- **What you have to do**: The number of lines in the records that include "eerste" is all you should give.

Saved data entries
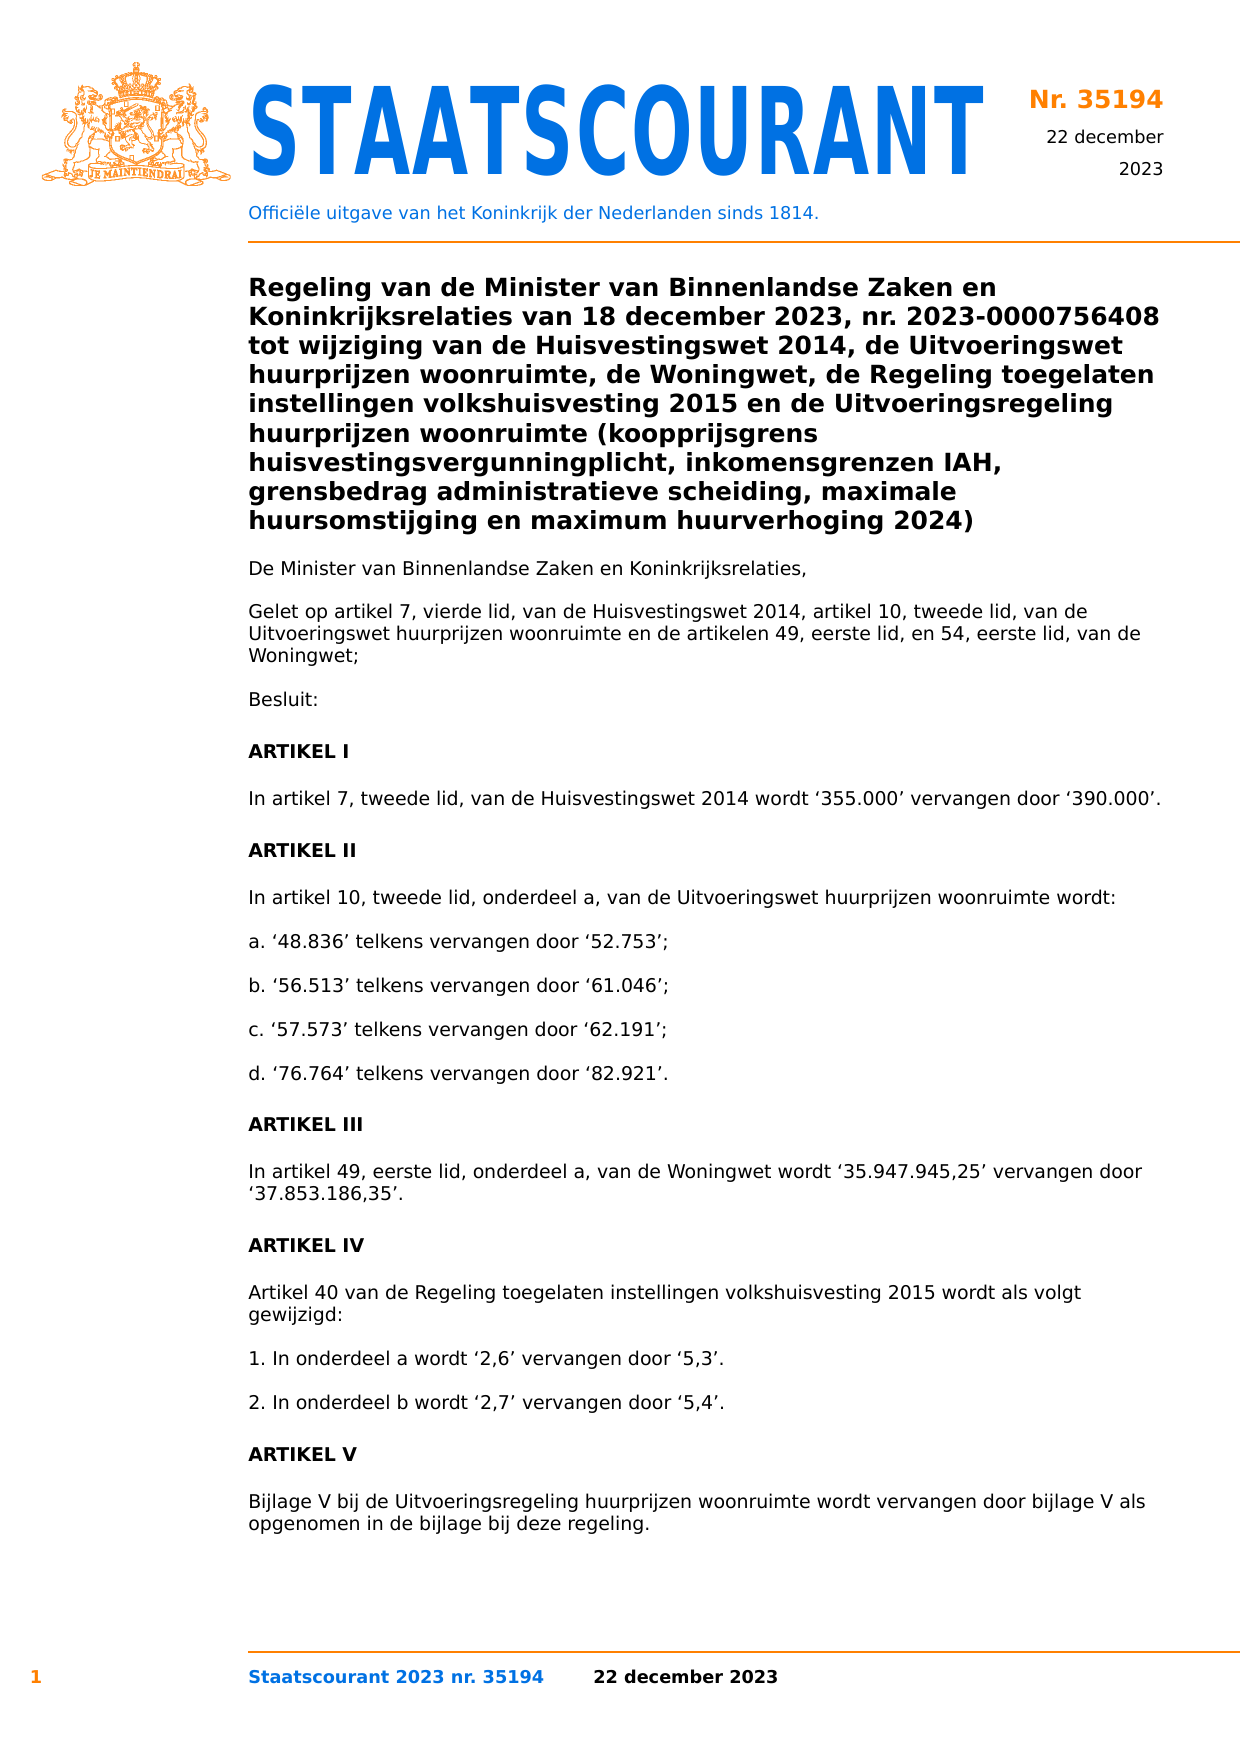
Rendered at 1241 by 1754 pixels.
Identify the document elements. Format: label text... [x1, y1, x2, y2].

text Artikel 40 van de Regeling toegelaten instellingen volkshuisvesting 2015 wordt als volgt gewijzigd: [248, 1282, 1163, 1326]
text b. ‘56.513’ telkens vervangen door ‘61.046’; [248, 975, 1163, 997]
text De Minister van Binnenlandse Zaken en Koninkrijksrelaties, [248, 557, 1163, 579]
table_header STAATSCOURANT [248, 62, 998, 203]
text In artikel 10, tweede lid, onderdeel a, van de Uitvoeringswet huurprijzen woonruimte wordt: [248, 887, 1163, 909]
subtitle Regeling van de Minister van Binnenlandse Zaken en Koninkrijksrelaties van 18 december 2023, nr. 2023-0000756408 tot wijziging van de Huisvestingswet 2014, de Uitvoeringswet huurprijzen woonruimte, de Woningwet, de Regeling toegelaten instellingen volkshuisvesting 2015 en de Uitvoeringsregeling huurprijzen woonruimte (koopprijsgrens huisvestingsvergunningplicht, inkomensgrenzen IAH, grensbedrag administratieve scheiding, maximale huursomstijging en maximum huurverhoging 2024) [248, 273, 1163, 536]
text Bijlage V bij de Uitvoeringsregeling huurprijzen woonruimte wordt vervangen door bijlage V als opgenomen in de bijlage bij deze regeling. [248, 1491, 1163, 1535]
text Besluit: [248, 689, 1163, 711]
table_cell 22 december [998, 121, 1240, 153]
subtitle ARTIKEL II [248, 840, 1163, 862]
text In artikel 7, tweede lid, van de Huisvestingswet 2014 wordt ‘355.000’ vervangen door ‘390.000’. [248, 788, 1163, 810]
table_header [25, 62, 248, 241]
text d. ‘76.764’ telkens vervangen door ‘82.921’. [248, 1062, 1163, 1084]
subtitle ARTIKEL IV [248, 1235, 1163, 1257]
table_cell 2023 [998, 153, 1240, 203]
text Gelet op artikel 7, vierde lid, van de Huisvestingswet 2014, artikel 10, tweede lid, van de Uitvoeringswet huurprijzen woonruimte en de artikelen 49, eerste lid, en 54, eerste lid, van de Woningwet; [248, 601, 1163, 667]
picture [41, 62, 231, 186]
text a. ‘48.836’ telkens vervangen door ‘52.753’; [248, 931, 1163, 953]
subtitle ARTIKEL I [248, 741, 1163, 763]
text 1. In onderdeel a wordt ‘2,6’ vervangen door ‘5,3’. [248, 1348, 1163, 1370]
table_cell Officiële uitgave van het Koninkrijk der Nederlanden sinds 1814. [248, 203, 1240, 241]
text c. ‘57.573’ telkens vervangen door ‘62.191’; [248, 1018, 1163, 1041]
text In artikel 49, eerste lid, onderdeel a, van de Woningwet wordt ‘35.947.945,25’ vervangen door ‘37.853.186,35’. [248, 1161, 1163, 1205]
subtitle ARTIKEL V [248, 1444, 1163, 1466]
subtitle ARTIKEL III [248, 1114, 1163, 1136]
text 2. In onderdeel b wordt ‘2,7’ vervangen door ‘5,4’. [248, 1392, 1163, 1414]
table_header Nr. 35194 [998, 62, 1240, 121]
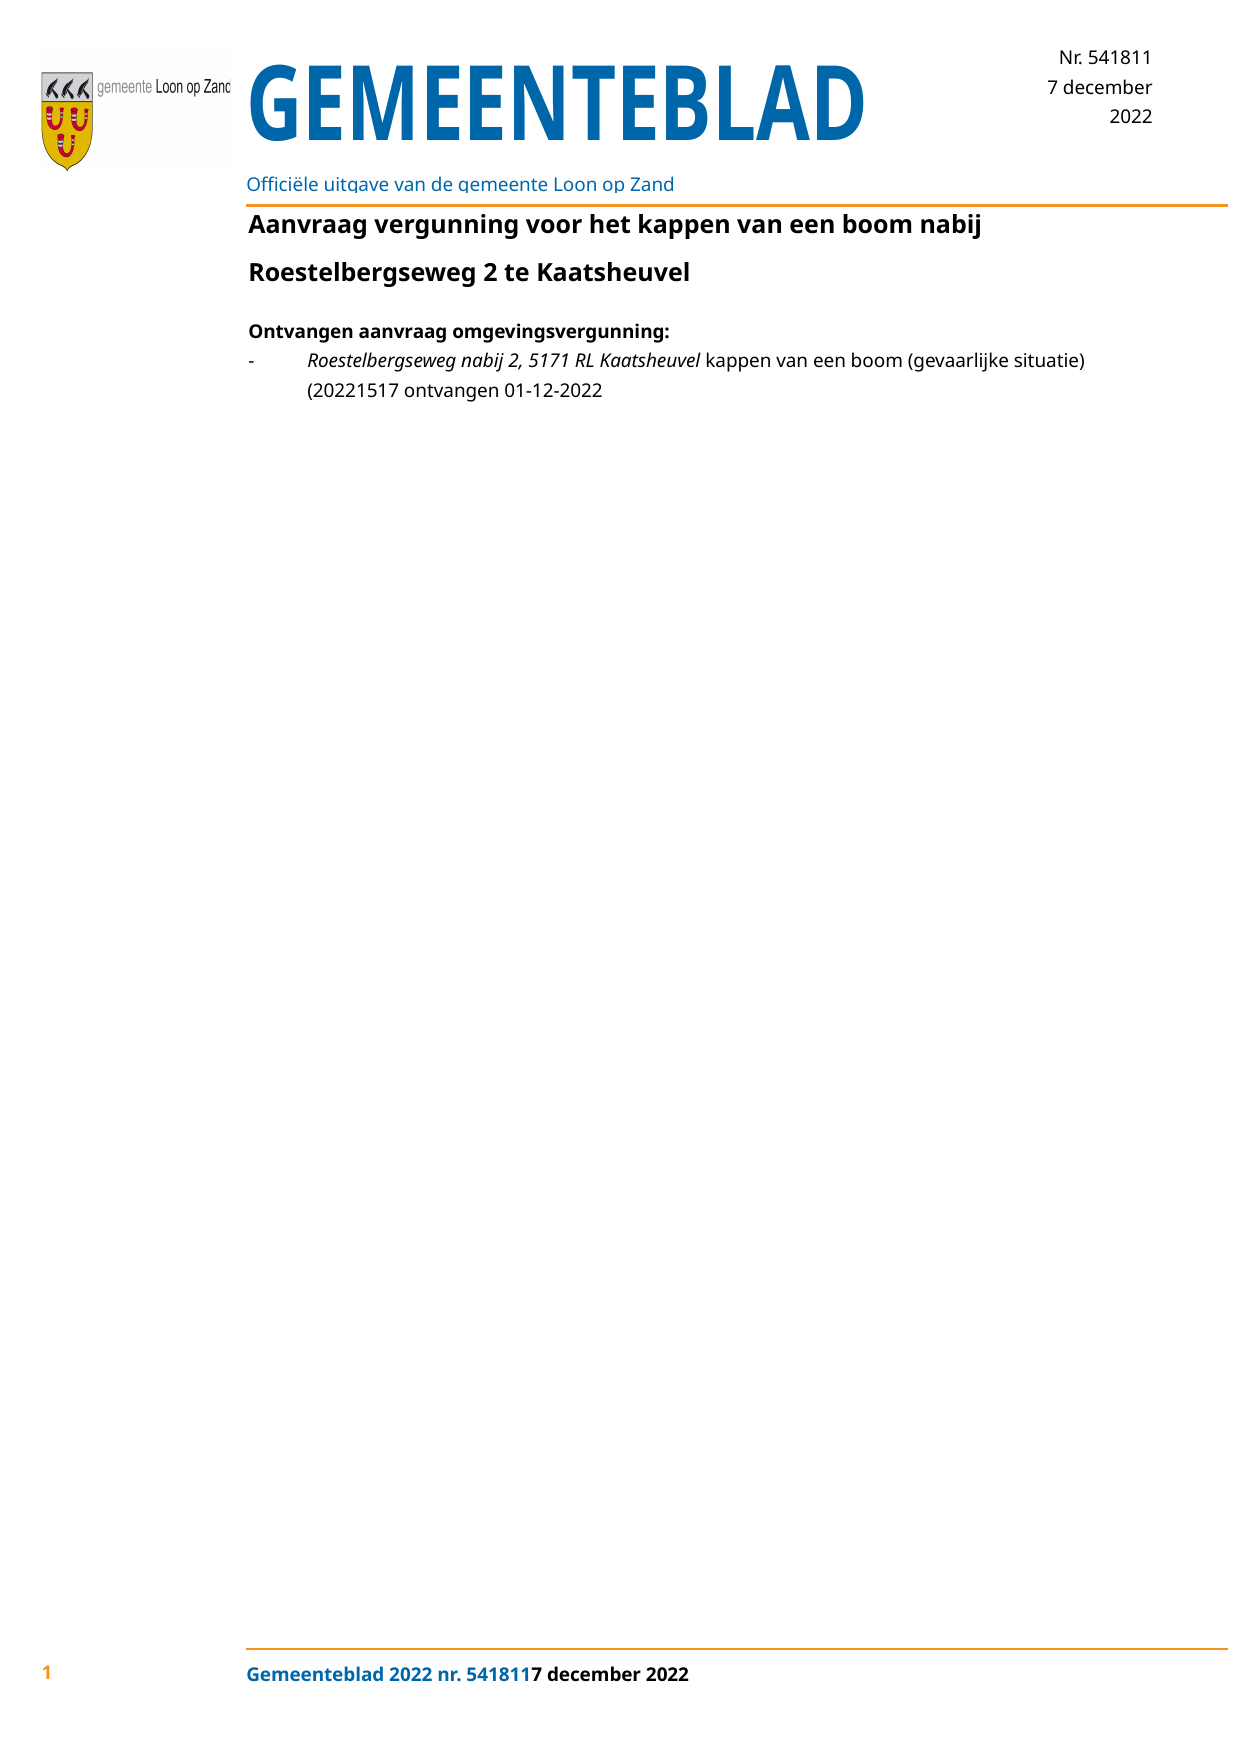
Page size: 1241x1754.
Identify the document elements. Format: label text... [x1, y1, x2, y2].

text Aanvraag vergunning voor het kappen van een boom nabij Roestelbergseweg 2 te Kaatsheuvel [248, 207, 1152, 288]
text Ontvangen aanvraag omgevingsvergunning: [248, 318, 1152, 344]
list Roestelbergseweg nabij 2, 5171 RL Kaatsheuvel kappen van een boom (gevaarlijke situatie) (20221517 ontvangen 01-12-2022 [248, 347, 1152, 403]
picture [41, 47, 231, 172]
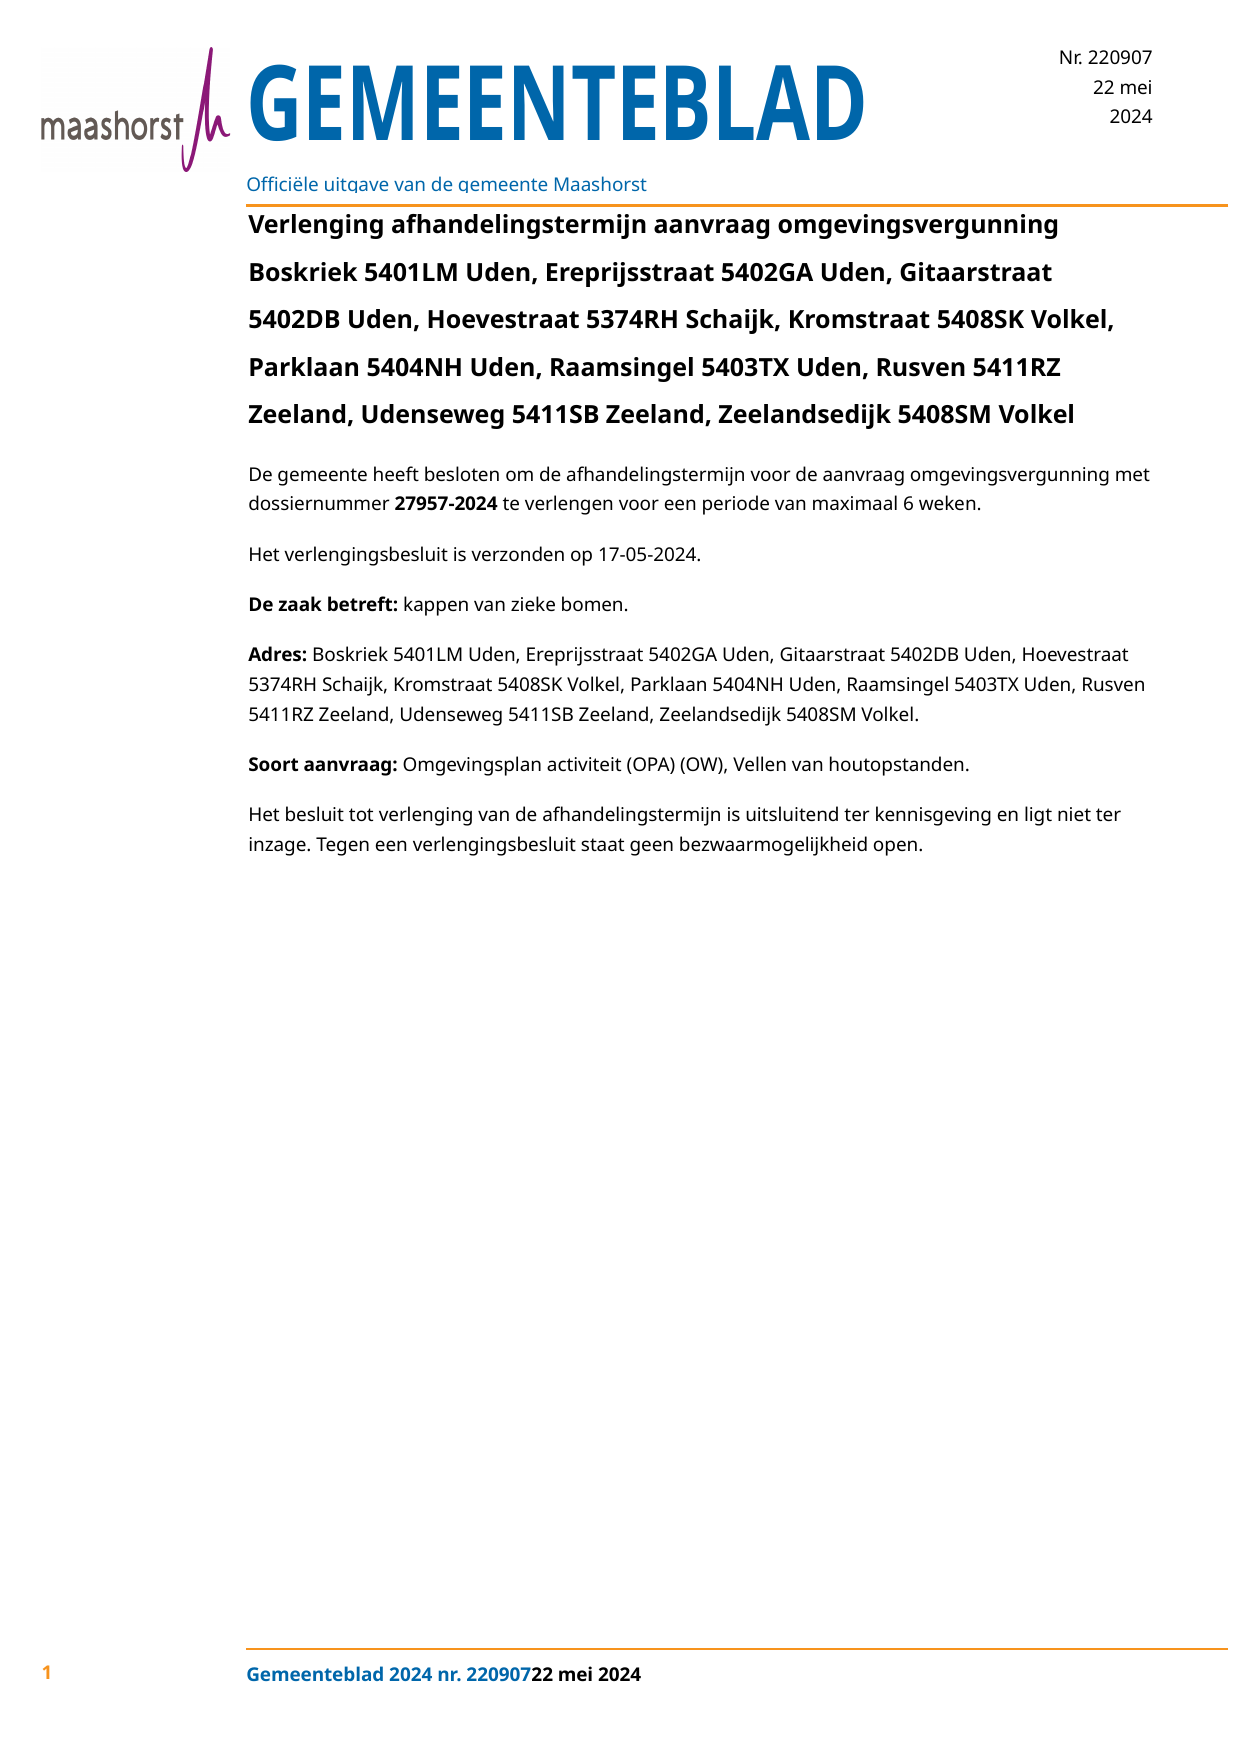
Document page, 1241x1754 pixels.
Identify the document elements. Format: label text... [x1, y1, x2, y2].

text Soort aanvraag: Omgevingsplan activiteit (OPA) (OW), Vellen van houtopstanden. [248, 751, 1152, 777]
text De zaak betreft: kappen van zieke bomen. [248, 591, 1152, 617]
text Het verlengingsbesluit is verzonden op 17-05-2024. [248, 541, 1152, 566]
picture [41, 47, 231, 172]
text Het besluit tot verlenging van de afhandelingstermijn is uitsluitend ter kennisgeving en ligt niet ter inzage. Tegen een verlengingsbesluit staat geen bezwaarmogelijkheid open. [248, 802, 1152, 857]
text Verlenging afhandelingstermijn aanvraag omgevingsvergunning Boskriek 5401LM Uden, Ereprijsstraat 5402GA Uden, Gitaarstraat 5402DB Uden, Hoevestraat 5374RH Schaijk, Kromstraat 5408SK Volkel, Parklaan 5404NH Uden, Raamsingel 5403TX Uden, Rusven 5411RZ Zeeland, Udenseweg 5411SB Zeeland, Zeelandsedijk 5408SM Volkel [248, 207, 1152, 431]
text Adres: Boskriek 5401LM Uden, Ereprijsstraat 5402GA Uden, Gitaarstraat 5402DB Uden, Hoevestraat 5374RH Schaijk, Kromstraat 5408SK Volkel, Parklaan 5404NH Uden, Raamsingel 5403TX Uden, Rusven 5411RZ Zeeland, Udenseweg 5411SB Zeeland, Zeelandsedijk 5408SM Volkel. [248, 642, 1152, 726]
text De gemeente heeft besloten om de afhandelingstermijn voor de aanvraag omgevingsvergunning met dossiernummer 27957-2024 te verlengen voor een periode van maximaal 6 weken. [248, 461, 1152, 516]

- **Problem solution**: 2